Saturday, May 22, 2010

O guarda alemão


A líder política da maior economia europeia abre fogo contra os mercados


Luís Guilherme Barrucho

Fotos Michael Kappeler/AFP; Franck Fife/AFP
ANGELA MERKEL, chanceler da Alemanha

Pode ser difícil entender como um país diminuto como a Grécia desencadeou uma crise tão grave na Europa. Mais complicado ainda é compreender como uma sisuda senhora de 55 anos aprofundou a instabilidade e levou a uma nova queda generalizada das bolsas. Discursando na Câmara Baixa, na terça-feira, Angela Merkel, comandante da maior economia europeia, afirmou que "o euro está em perigo". A retórica catastrofista, uma surpresa diante da serenidade usual de Merkel, seria querosene suficiente para inflamar os mercados. Mas a chanceler foi além. Decidiu banir a "venda a descoberto" (uma operação financeira em que especuladores apostam na queda do valor de um título ou ação) que envolve empresas financeiras e títulos públicos dos países da zona do euro. A medida, tomada unilateralmente e criticada pela França e pelos demais países europeus, foi pessimamente recebida. Além de temerem o agravamento da tragédia financeira grega, os investidores convivem agora com a ameaça de ser penalizados para que se aplaquem demandas politiqueiras.

"O euro é uma moeda sólida. Não acho que esteja em perigo."
CHRISTINE LAGARDE,
ministra francesa da Economia


A decisão de Merkel terá pouco efeito prático. A maior parte das transações de venda a descoberto feitas na Europa é fechada em Londres. Além disso, inexiste evidência de que esses contratos sejam capazes de precipitar crises, como argumenta a chanceler. Os títulos da Grécia se desvalorizam por causa da precariedade financeira do país, e não como decorrência da ação de especuladores que apenas viram com antecedência algo que acabaria acontecendo. "Os governos devem agir contra certos comportamentos destrutivos praticados pelos bancos, mas a decisão alemã surpreendeu pela ineficácia e falta de coordenação", disse Carlo Bastasin, economista do Peterson Institute for International Economics.

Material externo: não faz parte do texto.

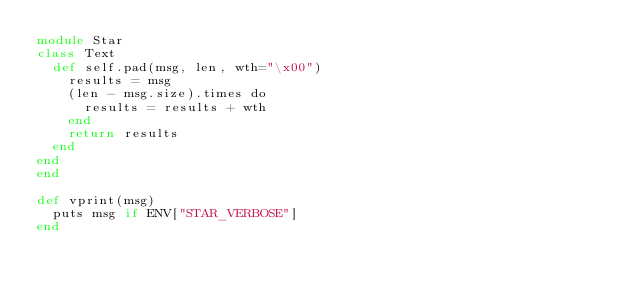<code> <loc_0><loc_0><loc_500><loc_500><_Crystal_>module Star
class Text
  def self.pad(msg, len, wth="\x00")
    results = msg
    (len - msg.size).times do
      results = results + wth
    end
    return results
  end
end
end

def vprint(msg)
  puts msg if ENV["STAR_VERBOSE"]
end</code> 
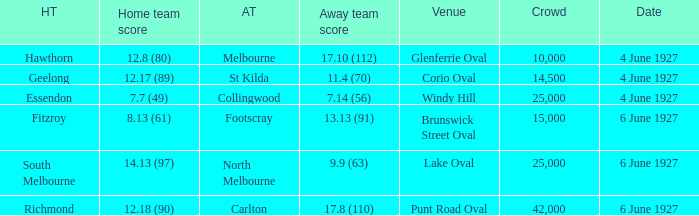Which venue's home team is geelong? Corio Oval. 
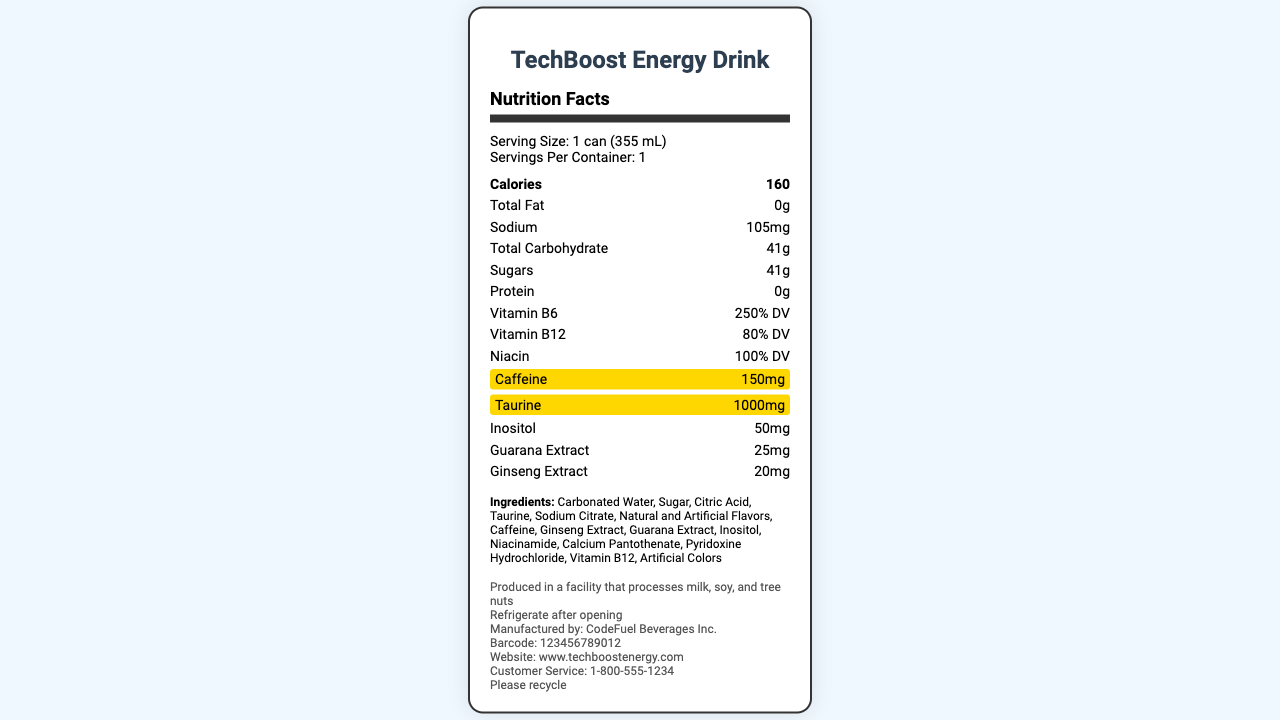What is the serving size for TechBoost Energy Drink? The document lists the serving size clearly under "Serving Size" as "1 can (355 mL)".
Answer: 1 can (355 mL) How many grams of sugars are there per serving? The document lists the amount of sugars under "Sugars" as "41g".
Answer: 41g What percentage of the daily value of Vitamin B6 does this energy drink provide? The document mentions "Vitamin B6 (250% DV)" in the list of nutrients.
Answer: 250% DV What is the caffeine content per serving of TechBoost Energy Drink? The caffeine content is highlighted in the document, listing "Caffeine (150mg)".
Answer: 150mg Which company manufactures TechBoost Energy Drink? The additional information section of the document states that the product is manufactured by "CodeFuel Beverages Inc."
Answer: CodeFuel Beverages Inc. What is the total carbohydrate content per serving? A. 35g B. 41g C. 50g D. 45g The document lists the total carbohydrate content as "41g".
Answer: B Which of the following ingredients is NOT listed in the document? I. Ginseng Extract II. Green Tea Extract III. Guarana Extract A. I B. II C. III D. I and III Green Tea Extract is not listed in the ingredient list provided in the document.
Answer: B Is TechBoost Energy Drink suitable for people with nut allergies? The allergen information states "Produced in a facility that processes milk, soy, and tree nuts," which suggests there is a risk of cross-contamination.
Answer: No Summarize the contents of the Nutrition Facts Label for TechBoost Energy Drink. The document outlines all nutritional and ingredient information necessary for understanding the beverage's contents, providing important dietary information and warnings.
Answer: The TechBoost Energy Drink Nutrition Facts Label provides details on serving size, calorie content, and a breakdown of various nutrients, including their amounts and daily values. Key highlighted nutrients include caffeine (150mg) and taurine (1000mg). Additional information includes allergen warnings, storage instructions, manufacturing details, and ingredient list. What is the phone number for customer service? The document lists "Customer Service: 1-800-555-1234" under additional information.
Answer: 1-800-555-1234 How many servings are in each container of TechBoost Energy Drink? The document clearly states "Servings Per Container: 1" in the serving information section.
Answer: 1 Does the document specify the amount of calcium in TechBoost Energy Drink? The document does not mention calcium content or make any reference to it.
Answer: Cannot be determined 
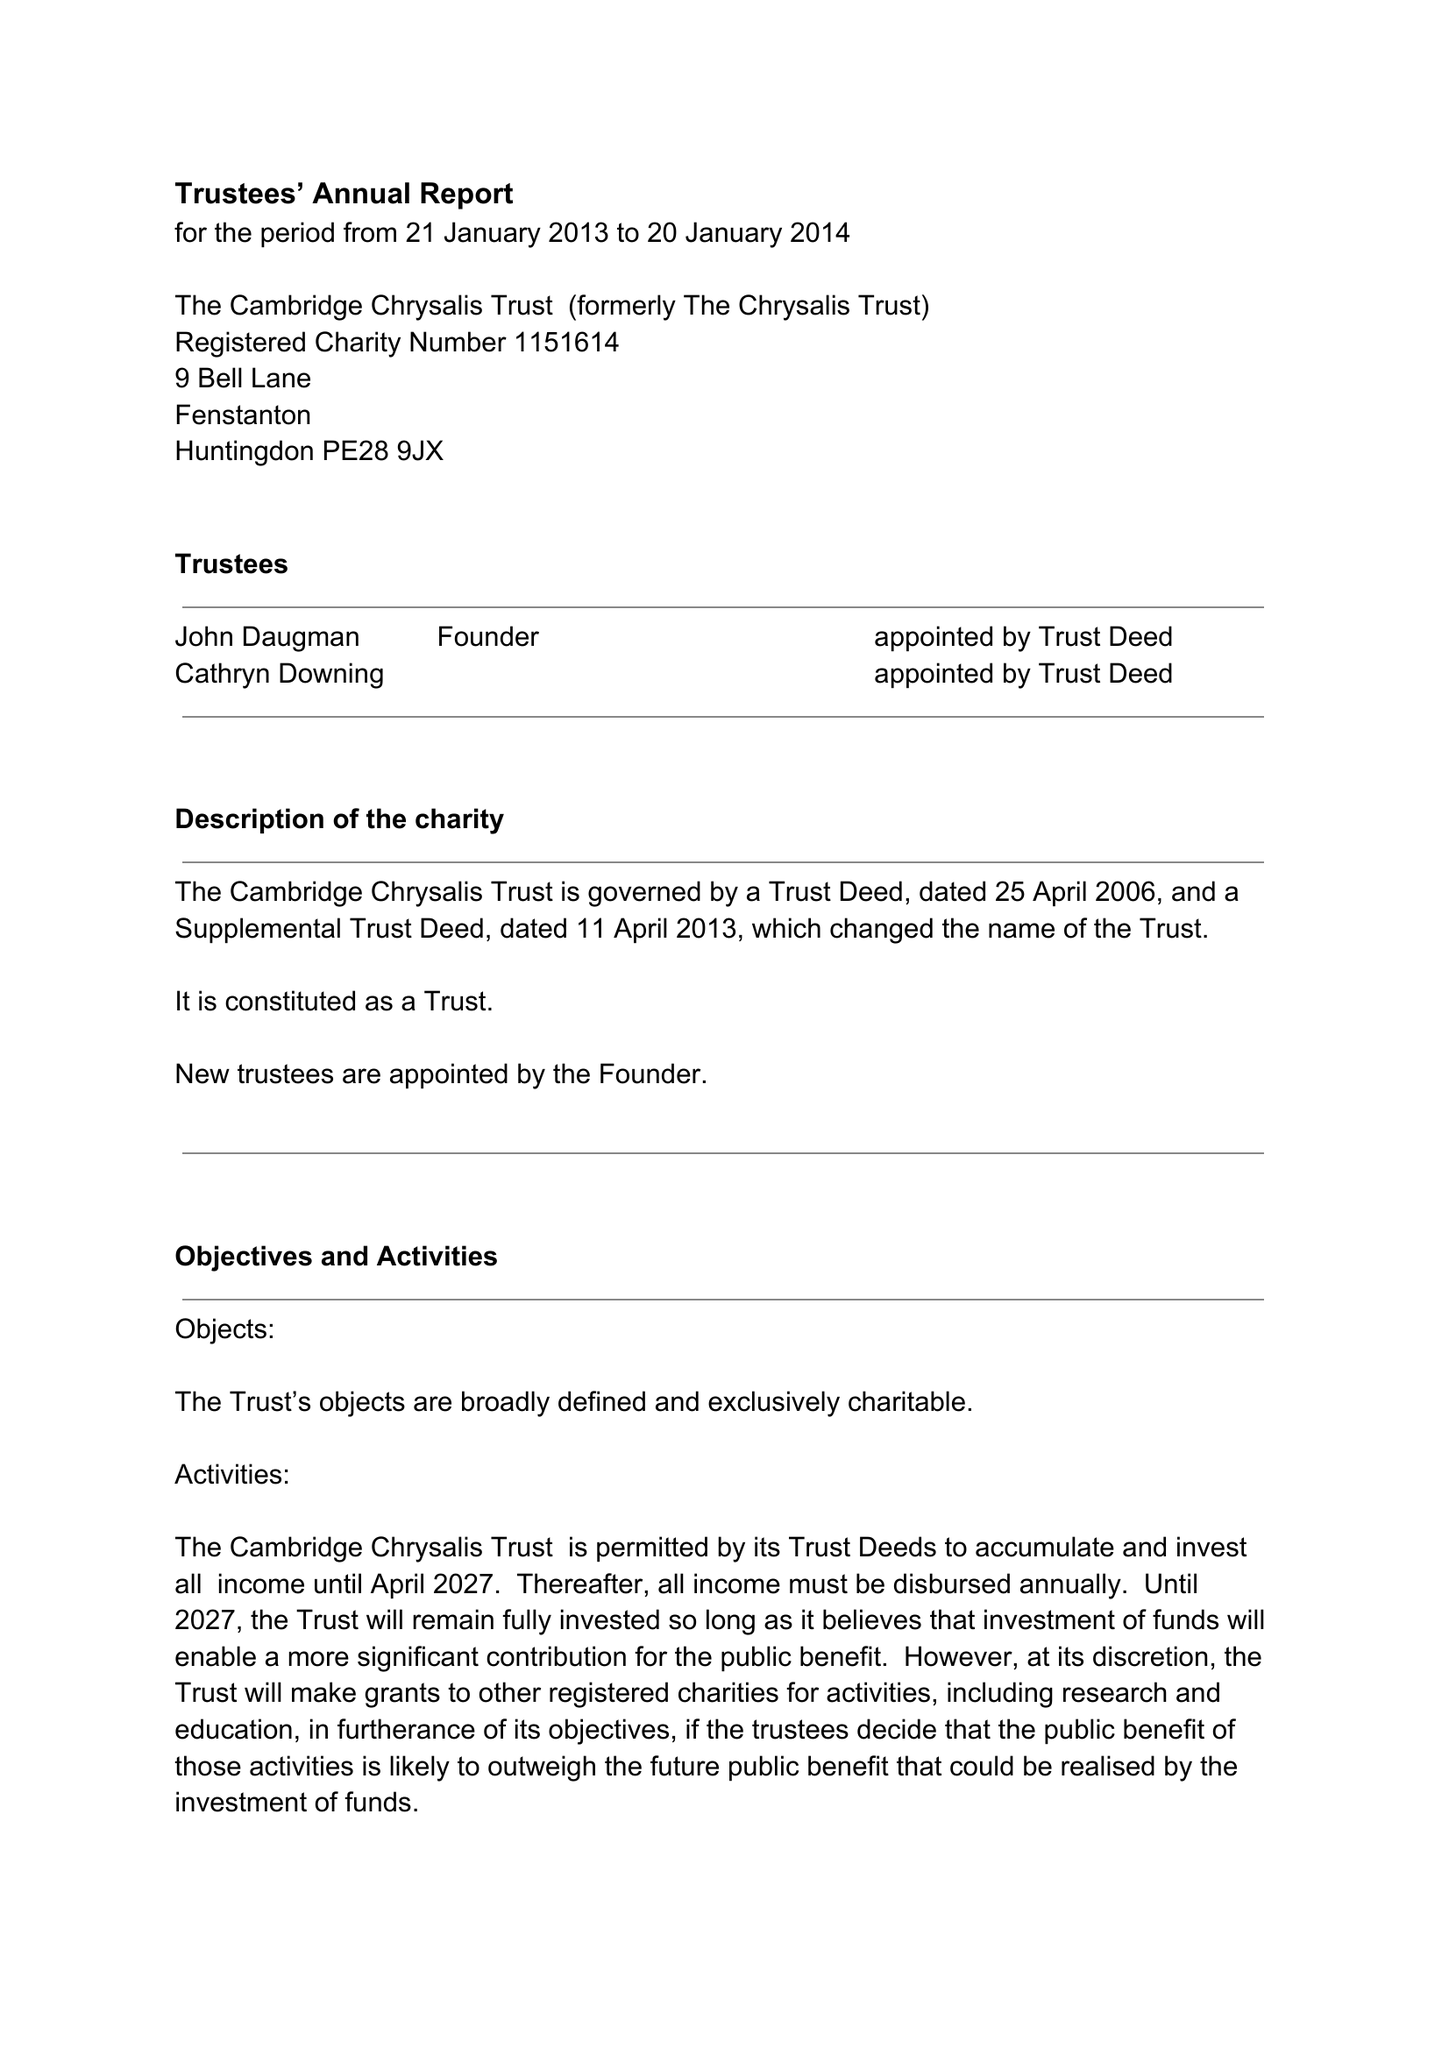What is the value for the spending_annually_in_british_pounds?
Answer the question using a single word or phrase. 133927.00

É inevitável que haja ajustes na regulação financeira internacional, assim como ocorreu após o crash de 1929. Nos Estados Unidos, por exemplo, deverá ocorrer a mais profunda reforma desde os anos 30. Na semana passada, o Senado aprovou um projeto que, entre outras medidas, cria um órgão para defender os direitos dos pequenos investidores e dá mais poderes ao Federal Reserve (banco central) para intervir em instituições problemáticas. O plano precisa ser harmonizado com uma legislação similar aprovada pela Câmara, antes de seguir para a sanção do presidente Barack Obama. Nos Estados Unidos, ao menos, tais ajustes serão feitos depois de dois anos de longas discussões e negociações. O objetivo, se alcançado, será remendar falhas e dar mais segurança ao sistema financeiro, mas sem sufocá-lo em suas funções mais nobres: fazer chegar crédito a quem dele necessita e remunerar as poupanças. Na desunida União Europeia, o repente de Merkel apenas obscureceu um cenário profundamente incerto.